Summary: When you face an uncertain future, don't rely on human predictions; rely on the Lord.

In his book Future Babble, journalist Dan Gardner explores our obsession with “experts” who claim to predict future events. Gardner relies on the work of Philip Tetlock, a professor at the University of Pennsylvania, who produced a massive 20-year analysis of 27,450 predictions from 284 experts. Tetlock concluded that as a group the experts did little better, and sometimes considerably worse, than “a dart-throwing chimpanzee.” For example:

In 1914 the British journalist H. N. Norman proclaimed that “there will be no more wars among the six great powers.”

In 1968 the president of Anaconda Copper Mining Company predicted that his company would be successful for 500 years. Less than ten years later, fiber optics trumped copper and Anaconda was out of business.

Also in 1968 Paul Ehrlich predicted that overpopulation would produce a total collapse in the world's food supply. Instead, the world's food supply has increased dramatically.
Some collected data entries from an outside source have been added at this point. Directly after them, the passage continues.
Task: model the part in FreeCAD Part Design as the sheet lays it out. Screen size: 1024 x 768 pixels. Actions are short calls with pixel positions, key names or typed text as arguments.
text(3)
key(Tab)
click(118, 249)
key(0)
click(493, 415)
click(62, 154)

In 1974 Ehrlich confidently asserted, “If I were a gambler, I would take even money that England will not exist in the year 2000.”
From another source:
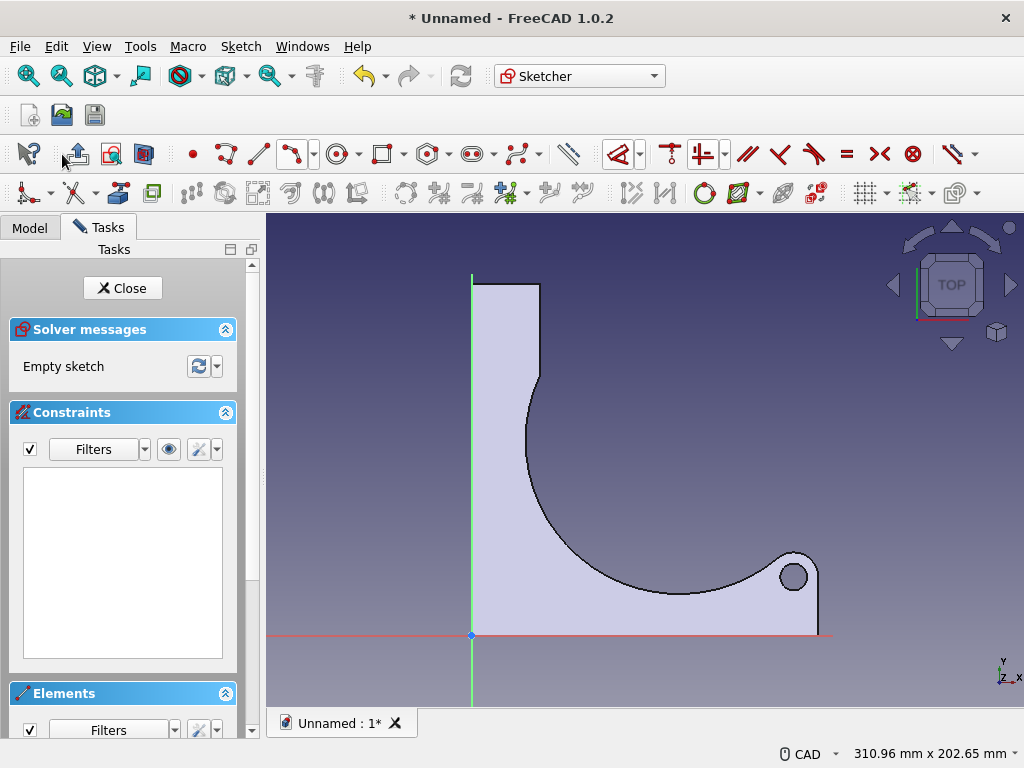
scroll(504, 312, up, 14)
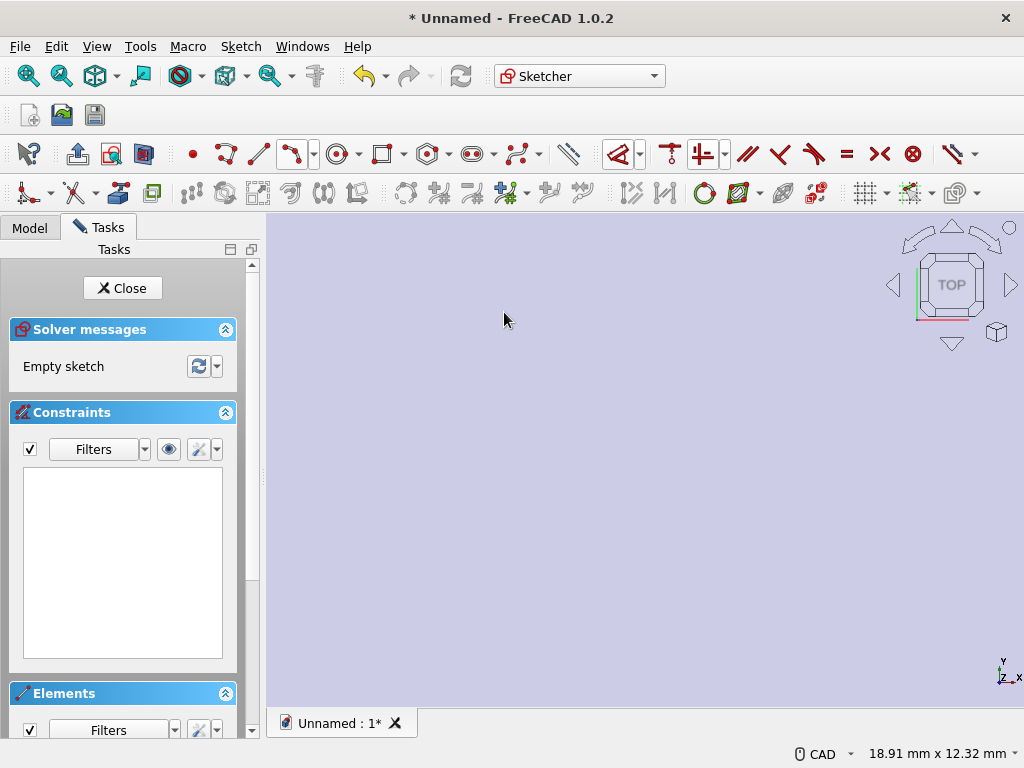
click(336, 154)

In 2008 experts at Goldman Sachs predicted that oil prices would surge to over $200 per barrel within six months. Instead, the price for petroleum fell to $34 per barrel in those six months.

So why do people pay attention to these so-called “experts” even when they're wrong so much of the time? According to Gardner, human beings hate uncertainty. “Whether sunny or bleak,” Gardner wrote, “convictions about the future satisfy the hunger for certainty. We want to believe. And so we do.” (Trevor Butterworth, "Prophets of Error," The Wall Street Journal, 4-30-11;

Daniel Gilbert (a psychology professor at Harvard) came to the same conclusion. Recently (2009), the Gallup-Healthways Well-Being Index showed “that Americans are smiling less and worrying more… happiness is down and sadness is up… we are getting less sleep… smoking more cigarettes, [and] depression is on the rise.”

Gilbert noted that the real problem is not financial – not having enough money, but something else: uncertainty. People don't know what's going to happen. Will I have a job next week? What's ahead in the future for me?

Professor Gilbert pointed to a Dutch experiment where some subjects were told they would be intensely shocked 20 times. The researchers told a second group that they would receive three strong shocks and 17 mild ones, but they wouldn't know when the intense shocks would come. The results? Subjects in the second group sweated more and experienced faster heart rates. Uncertainty caused their discomfort: they didn't know when the intense shocks would come next.

Daniel Gilbert summarized, “An uncertain future leaves us stranded in an unhappy present with nothing to do but wait… Our national gloom is real enough, but it isn't a matter of insufficient funds. It's a matter of insufficient certainty.” (Daniel Gilbert, “What You Don't Know Makes You Nervous,” 9-21-09; The Week magazine, 6-5-09, p. 14;

If that’s the case, then how do we handle the matter of insufficient certainty? How do we face an uncertain future with confidence? How do we move forward into that future with any real hope?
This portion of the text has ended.